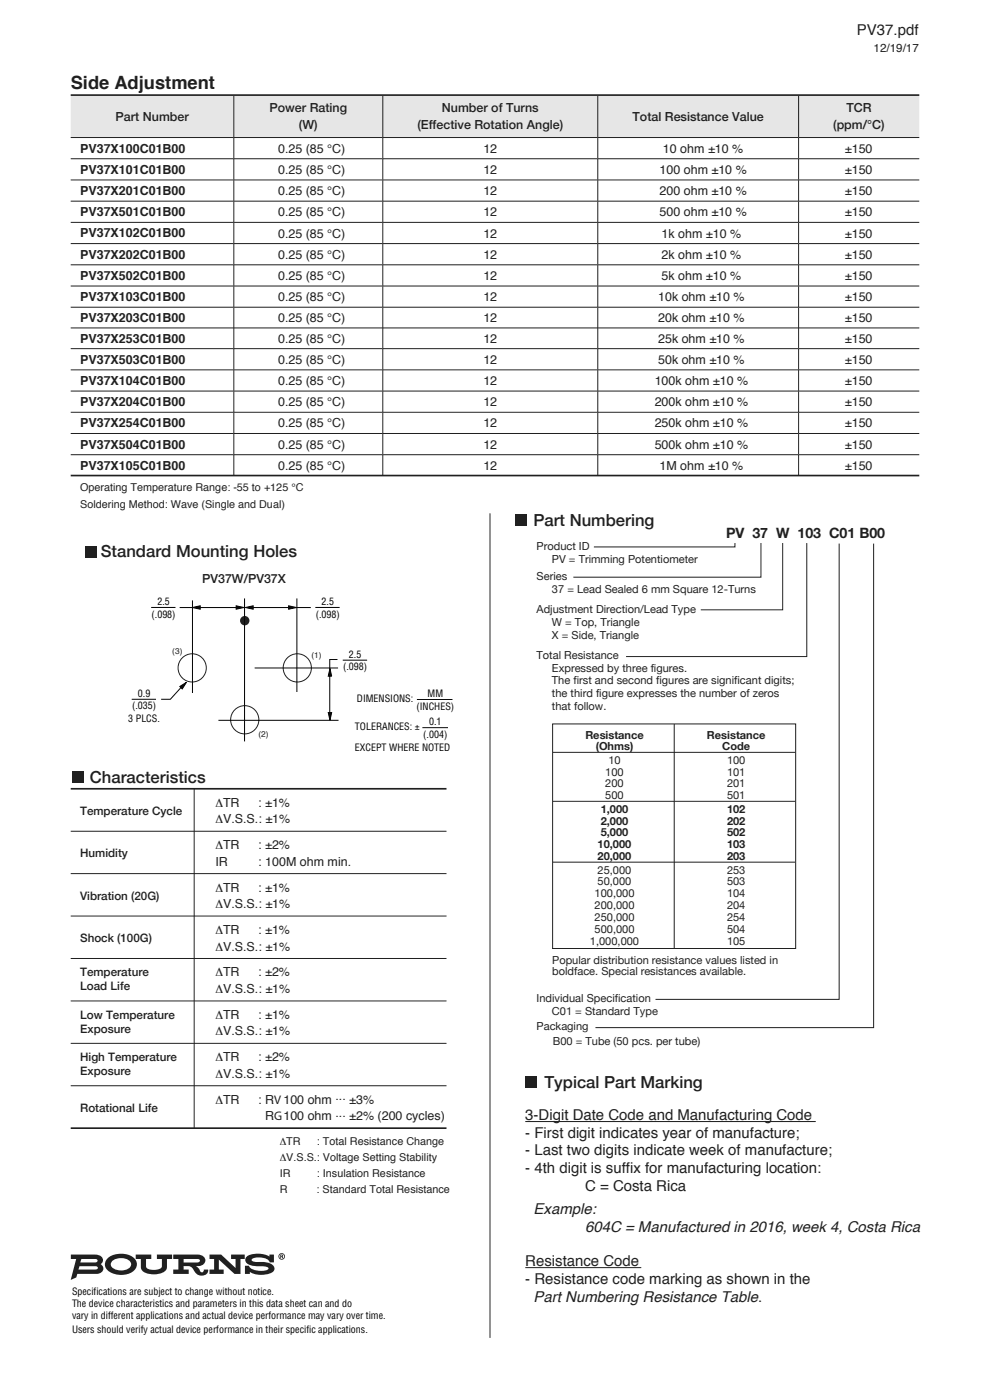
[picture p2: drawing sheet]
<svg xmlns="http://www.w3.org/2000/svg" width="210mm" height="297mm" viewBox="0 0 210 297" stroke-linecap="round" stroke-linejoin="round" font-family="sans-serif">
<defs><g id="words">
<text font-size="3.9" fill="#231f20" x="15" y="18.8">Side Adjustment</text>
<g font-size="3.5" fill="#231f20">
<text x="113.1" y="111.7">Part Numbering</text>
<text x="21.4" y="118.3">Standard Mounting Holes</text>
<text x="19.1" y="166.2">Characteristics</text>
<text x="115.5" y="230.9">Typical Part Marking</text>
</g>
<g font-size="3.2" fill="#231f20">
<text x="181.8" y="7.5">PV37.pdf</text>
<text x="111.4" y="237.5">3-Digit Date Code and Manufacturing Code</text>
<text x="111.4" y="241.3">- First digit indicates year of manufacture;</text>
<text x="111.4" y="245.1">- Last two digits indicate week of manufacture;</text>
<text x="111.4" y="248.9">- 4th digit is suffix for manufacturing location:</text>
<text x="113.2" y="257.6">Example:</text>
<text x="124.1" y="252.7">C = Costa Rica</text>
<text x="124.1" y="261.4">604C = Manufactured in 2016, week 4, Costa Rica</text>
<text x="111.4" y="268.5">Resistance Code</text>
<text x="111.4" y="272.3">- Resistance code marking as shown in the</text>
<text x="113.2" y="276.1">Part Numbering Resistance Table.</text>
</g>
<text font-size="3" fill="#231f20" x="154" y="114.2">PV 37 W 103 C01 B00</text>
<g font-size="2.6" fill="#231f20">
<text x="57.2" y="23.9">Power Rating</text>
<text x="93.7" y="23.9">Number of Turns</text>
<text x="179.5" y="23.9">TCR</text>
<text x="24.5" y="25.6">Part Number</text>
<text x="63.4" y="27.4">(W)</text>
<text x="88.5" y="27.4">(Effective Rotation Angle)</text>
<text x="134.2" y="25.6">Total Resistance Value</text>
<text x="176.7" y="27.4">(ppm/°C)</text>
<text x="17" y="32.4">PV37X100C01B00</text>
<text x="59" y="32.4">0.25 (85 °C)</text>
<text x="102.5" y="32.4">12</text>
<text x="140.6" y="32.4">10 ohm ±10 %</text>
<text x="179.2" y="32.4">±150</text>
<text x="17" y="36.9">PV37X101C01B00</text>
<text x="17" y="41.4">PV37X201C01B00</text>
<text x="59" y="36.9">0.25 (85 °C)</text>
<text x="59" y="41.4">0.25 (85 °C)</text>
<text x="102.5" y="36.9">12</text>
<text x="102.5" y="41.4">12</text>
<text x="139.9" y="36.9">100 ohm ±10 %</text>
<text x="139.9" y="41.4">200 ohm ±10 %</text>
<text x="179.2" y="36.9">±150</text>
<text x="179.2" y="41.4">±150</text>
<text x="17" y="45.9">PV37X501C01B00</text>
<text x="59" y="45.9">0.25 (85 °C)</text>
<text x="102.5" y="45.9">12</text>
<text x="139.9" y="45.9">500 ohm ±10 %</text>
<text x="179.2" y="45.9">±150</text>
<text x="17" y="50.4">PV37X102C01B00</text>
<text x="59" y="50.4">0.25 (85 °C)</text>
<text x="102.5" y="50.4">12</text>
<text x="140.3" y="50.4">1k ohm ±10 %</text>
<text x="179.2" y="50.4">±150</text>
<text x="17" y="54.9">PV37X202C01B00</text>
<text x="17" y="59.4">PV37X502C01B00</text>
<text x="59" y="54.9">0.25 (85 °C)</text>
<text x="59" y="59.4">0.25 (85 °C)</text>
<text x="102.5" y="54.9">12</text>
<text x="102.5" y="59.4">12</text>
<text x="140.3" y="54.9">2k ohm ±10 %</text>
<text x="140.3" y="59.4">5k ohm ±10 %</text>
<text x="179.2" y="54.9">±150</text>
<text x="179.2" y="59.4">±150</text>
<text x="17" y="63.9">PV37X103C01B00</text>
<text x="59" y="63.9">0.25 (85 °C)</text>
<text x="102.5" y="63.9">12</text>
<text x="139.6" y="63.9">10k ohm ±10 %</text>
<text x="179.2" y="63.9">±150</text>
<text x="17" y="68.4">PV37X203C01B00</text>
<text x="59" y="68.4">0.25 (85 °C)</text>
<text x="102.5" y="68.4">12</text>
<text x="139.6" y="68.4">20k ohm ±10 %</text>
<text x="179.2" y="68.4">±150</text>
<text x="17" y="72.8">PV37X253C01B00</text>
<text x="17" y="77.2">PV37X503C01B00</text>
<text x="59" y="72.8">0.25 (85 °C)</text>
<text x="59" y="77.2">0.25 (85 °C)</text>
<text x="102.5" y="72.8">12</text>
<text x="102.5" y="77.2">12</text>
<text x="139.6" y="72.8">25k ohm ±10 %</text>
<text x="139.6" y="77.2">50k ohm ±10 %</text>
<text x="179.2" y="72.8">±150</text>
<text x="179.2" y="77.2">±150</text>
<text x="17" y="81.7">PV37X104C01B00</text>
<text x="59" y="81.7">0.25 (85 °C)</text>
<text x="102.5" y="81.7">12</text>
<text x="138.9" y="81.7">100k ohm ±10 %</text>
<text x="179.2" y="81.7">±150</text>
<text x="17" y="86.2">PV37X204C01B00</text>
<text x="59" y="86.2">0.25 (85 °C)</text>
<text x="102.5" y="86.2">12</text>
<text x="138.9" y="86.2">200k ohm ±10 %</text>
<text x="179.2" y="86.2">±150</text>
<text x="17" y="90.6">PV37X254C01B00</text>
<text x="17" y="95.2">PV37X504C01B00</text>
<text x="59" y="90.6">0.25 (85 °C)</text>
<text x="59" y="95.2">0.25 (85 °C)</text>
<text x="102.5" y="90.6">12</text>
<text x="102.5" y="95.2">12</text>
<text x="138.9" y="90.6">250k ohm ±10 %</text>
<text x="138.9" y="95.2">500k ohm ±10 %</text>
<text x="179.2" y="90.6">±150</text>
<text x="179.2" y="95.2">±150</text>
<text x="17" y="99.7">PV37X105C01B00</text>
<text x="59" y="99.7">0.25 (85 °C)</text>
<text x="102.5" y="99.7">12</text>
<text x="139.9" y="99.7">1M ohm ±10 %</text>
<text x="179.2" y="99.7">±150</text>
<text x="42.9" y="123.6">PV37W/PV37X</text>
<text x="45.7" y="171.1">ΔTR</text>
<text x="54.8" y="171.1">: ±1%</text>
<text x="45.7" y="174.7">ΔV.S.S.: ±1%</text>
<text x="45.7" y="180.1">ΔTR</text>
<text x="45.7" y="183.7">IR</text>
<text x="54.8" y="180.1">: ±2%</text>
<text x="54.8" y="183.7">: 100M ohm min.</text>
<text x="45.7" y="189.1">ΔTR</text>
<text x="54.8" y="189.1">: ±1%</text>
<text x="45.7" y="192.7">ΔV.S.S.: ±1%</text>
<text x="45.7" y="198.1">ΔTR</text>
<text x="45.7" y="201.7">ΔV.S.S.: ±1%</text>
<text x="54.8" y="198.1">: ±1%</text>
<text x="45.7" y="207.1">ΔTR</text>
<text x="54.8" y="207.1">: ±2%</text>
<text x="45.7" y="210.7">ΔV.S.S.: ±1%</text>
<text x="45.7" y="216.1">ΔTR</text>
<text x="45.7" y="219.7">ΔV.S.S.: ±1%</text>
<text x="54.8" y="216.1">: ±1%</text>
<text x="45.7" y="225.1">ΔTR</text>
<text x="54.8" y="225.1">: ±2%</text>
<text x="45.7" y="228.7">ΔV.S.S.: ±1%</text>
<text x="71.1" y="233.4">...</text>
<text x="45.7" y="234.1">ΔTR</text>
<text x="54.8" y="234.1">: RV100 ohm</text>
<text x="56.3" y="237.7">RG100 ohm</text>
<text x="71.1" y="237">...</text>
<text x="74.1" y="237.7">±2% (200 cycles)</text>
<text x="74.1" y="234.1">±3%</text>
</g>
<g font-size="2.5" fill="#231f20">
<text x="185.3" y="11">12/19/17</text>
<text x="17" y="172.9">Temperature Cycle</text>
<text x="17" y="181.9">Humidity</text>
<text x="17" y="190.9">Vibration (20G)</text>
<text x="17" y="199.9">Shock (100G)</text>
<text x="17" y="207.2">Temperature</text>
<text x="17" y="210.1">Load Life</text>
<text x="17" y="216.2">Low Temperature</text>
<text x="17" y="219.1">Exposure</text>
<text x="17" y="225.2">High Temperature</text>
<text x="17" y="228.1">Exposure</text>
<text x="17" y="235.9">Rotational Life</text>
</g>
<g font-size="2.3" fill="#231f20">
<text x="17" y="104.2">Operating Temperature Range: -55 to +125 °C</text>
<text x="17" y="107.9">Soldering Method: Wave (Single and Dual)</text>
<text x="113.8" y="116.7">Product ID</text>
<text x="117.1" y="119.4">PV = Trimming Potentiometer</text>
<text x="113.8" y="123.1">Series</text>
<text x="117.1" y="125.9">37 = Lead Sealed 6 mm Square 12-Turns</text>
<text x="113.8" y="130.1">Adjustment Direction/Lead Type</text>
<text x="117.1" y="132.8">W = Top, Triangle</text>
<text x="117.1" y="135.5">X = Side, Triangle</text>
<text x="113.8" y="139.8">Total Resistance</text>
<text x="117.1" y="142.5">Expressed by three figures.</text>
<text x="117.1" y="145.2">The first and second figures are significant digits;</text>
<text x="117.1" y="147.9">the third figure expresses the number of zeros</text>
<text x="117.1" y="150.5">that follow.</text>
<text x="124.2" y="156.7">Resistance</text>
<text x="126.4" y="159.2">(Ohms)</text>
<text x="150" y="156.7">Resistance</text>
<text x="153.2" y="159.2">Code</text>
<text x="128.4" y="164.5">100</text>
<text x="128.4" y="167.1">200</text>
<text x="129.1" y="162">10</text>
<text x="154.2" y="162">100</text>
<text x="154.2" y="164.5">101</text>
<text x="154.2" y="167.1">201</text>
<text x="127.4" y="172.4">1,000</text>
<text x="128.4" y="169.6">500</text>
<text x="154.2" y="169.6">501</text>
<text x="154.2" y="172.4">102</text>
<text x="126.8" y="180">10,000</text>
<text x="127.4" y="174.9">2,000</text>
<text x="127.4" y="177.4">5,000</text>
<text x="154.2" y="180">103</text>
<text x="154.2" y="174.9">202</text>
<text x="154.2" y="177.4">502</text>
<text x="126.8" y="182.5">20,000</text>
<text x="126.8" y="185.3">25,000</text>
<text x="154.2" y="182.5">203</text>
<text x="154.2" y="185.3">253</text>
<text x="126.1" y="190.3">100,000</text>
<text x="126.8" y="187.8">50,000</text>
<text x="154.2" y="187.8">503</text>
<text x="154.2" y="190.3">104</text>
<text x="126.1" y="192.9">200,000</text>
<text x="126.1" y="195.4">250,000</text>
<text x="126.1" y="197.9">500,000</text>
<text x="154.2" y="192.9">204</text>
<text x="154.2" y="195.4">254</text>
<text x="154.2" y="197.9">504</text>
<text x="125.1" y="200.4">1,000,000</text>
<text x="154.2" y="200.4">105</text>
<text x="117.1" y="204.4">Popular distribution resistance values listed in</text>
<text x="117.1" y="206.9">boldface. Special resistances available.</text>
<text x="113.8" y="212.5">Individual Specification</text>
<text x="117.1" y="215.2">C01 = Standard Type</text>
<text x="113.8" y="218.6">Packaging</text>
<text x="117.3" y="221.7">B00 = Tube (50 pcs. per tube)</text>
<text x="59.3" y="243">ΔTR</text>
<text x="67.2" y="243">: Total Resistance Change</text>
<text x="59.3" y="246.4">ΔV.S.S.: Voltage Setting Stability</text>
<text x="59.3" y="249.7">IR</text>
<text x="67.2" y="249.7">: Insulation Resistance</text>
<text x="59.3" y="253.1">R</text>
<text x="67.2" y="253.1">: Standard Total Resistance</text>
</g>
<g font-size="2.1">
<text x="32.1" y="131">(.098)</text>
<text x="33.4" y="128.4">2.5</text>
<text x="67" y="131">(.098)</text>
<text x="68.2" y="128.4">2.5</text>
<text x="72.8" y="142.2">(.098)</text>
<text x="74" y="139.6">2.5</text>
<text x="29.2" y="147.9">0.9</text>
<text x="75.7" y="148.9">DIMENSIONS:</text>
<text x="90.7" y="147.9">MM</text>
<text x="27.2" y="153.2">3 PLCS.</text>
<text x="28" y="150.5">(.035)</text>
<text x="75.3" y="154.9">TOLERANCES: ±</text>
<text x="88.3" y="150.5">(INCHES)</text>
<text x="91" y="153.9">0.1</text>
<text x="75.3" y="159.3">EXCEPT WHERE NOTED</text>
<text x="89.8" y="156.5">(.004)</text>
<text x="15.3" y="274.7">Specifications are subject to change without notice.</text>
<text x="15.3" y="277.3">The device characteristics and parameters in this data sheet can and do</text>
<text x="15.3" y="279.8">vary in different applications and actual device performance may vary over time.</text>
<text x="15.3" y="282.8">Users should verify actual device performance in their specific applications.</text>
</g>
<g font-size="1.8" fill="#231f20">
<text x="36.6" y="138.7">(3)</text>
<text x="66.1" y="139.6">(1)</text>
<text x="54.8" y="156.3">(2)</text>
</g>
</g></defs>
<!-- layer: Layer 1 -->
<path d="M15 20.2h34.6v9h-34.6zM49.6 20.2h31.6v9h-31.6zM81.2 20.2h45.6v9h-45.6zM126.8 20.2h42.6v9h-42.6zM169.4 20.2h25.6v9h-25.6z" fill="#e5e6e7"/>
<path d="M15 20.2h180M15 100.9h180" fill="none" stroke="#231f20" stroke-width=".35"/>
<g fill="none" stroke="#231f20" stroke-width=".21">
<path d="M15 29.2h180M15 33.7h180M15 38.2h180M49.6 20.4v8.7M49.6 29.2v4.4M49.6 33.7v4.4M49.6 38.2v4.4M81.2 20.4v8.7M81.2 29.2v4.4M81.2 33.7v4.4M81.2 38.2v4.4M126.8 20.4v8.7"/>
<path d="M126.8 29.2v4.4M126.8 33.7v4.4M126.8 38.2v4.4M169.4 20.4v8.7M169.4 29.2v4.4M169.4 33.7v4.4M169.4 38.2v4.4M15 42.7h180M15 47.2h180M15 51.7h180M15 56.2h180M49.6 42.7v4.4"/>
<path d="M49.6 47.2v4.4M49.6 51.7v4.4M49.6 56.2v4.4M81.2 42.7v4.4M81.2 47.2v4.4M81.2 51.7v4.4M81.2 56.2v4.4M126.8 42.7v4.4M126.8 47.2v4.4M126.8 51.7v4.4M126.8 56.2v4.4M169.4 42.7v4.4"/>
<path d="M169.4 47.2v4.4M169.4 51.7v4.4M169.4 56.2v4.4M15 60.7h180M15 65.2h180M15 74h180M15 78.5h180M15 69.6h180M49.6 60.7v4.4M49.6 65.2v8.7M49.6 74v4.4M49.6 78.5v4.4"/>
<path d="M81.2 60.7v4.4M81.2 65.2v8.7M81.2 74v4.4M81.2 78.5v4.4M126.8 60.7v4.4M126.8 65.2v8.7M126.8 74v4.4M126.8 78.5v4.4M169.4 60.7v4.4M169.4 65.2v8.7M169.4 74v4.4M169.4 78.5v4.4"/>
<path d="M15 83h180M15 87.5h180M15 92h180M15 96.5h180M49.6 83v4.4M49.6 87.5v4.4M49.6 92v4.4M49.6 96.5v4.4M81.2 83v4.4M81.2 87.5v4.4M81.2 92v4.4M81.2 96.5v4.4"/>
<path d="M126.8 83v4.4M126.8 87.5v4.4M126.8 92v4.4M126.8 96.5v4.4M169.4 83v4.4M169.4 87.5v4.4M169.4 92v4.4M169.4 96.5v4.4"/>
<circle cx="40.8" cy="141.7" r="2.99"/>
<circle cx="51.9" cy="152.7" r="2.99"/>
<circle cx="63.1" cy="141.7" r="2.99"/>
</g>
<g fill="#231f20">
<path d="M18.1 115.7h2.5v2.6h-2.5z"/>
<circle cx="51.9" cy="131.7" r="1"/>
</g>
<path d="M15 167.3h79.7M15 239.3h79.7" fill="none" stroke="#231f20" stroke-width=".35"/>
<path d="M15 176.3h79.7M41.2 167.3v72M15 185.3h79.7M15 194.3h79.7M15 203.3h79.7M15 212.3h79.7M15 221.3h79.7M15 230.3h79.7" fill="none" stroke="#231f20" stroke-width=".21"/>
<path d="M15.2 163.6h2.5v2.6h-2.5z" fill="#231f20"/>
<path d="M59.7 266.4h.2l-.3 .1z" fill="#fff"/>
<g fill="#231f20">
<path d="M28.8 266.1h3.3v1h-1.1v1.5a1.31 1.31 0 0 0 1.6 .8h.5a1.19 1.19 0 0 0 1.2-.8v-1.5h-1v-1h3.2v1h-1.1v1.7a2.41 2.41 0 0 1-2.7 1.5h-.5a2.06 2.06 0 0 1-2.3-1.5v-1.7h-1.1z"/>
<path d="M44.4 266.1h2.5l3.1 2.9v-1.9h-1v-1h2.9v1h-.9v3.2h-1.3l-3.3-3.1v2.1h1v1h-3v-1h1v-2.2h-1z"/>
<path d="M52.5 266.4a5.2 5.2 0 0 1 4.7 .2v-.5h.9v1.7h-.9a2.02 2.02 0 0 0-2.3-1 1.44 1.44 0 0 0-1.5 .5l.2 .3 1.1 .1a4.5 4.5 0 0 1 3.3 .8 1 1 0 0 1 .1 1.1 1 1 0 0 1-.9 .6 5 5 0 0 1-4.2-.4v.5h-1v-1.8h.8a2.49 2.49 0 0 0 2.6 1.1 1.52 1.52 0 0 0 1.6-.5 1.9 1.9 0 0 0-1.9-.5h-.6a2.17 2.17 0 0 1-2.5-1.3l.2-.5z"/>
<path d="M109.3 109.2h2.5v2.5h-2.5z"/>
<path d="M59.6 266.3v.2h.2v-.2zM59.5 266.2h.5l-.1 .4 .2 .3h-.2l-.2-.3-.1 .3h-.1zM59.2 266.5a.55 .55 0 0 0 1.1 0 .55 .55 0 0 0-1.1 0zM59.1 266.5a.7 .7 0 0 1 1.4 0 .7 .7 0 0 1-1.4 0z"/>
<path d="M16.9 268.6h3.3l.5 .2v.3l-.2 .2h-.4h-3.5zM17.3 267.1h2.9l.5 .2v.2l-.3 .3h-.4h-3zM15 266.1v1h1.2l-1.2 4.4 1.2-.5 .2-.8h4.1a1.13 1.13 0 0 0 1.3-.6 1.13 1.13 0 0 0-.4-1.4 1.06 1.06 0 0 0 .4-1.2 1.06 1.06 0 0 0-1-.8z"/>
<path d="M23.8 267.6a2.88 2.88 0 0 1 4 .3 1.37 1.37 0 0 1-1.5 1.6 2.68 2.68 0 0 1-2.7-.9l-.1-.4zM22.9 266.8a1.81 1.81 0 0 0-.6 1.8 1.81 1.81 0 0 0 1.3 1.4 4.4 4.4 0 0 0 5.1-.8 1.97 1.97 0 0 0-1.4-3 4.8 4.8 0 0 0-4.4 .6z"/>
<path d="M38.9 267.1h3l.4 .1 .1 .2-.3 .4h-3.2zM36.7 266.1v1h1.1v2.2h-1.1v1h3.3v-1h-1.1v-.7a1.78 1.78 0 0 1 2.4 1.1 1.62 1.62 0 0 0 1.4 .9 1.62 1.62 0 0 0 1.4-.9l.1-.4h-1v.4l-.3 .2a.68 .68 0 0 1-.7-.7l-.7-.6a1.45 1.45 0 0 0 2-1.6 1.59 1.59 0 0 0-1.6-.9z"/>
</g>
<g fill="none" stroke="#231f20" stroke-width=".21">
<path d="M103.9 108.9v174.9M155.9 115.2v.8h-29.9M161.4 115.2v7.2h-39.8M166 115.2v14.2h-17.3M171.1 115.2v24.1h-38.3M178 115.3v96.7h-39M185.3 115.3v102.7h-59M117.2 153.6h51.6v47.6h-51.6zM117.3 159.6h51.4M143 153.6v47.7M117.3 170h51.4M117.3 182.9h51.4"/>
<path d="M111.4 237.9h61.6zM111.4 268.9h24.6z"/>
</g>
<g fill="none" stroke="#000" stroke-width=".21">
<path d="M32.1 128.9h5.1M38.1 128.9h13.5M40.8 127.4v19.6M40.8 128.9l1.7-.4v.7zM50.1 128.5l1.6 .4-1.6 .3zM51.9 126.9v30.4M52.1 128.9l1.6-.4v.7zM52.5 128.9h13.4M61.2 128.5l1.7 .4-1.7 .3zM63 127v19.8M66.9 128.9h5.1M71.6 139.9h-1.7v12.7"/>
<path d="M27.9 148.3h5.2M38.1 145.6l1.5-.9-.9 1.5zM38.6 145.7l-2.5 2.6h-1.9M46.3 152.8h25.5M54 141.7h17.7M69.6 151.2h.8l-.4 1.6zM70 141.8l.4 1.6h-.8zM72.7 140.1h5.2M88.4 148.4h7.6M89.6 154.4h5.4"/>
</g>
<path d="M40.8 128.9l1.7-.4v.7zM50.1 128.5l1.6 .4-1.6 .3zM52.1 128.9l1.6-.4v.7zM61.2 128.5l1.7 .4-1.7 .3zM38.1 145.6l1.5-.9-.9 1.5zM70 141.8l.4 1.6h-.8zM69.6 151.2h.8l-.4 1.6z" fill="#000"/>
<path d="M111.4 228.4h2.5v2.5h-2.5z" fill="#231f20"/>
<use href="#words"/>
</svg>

━━━

PROBLEM DETAILS: Return only the number of lines in the data above that hold the word "circle".

ANSWER BELOW: 4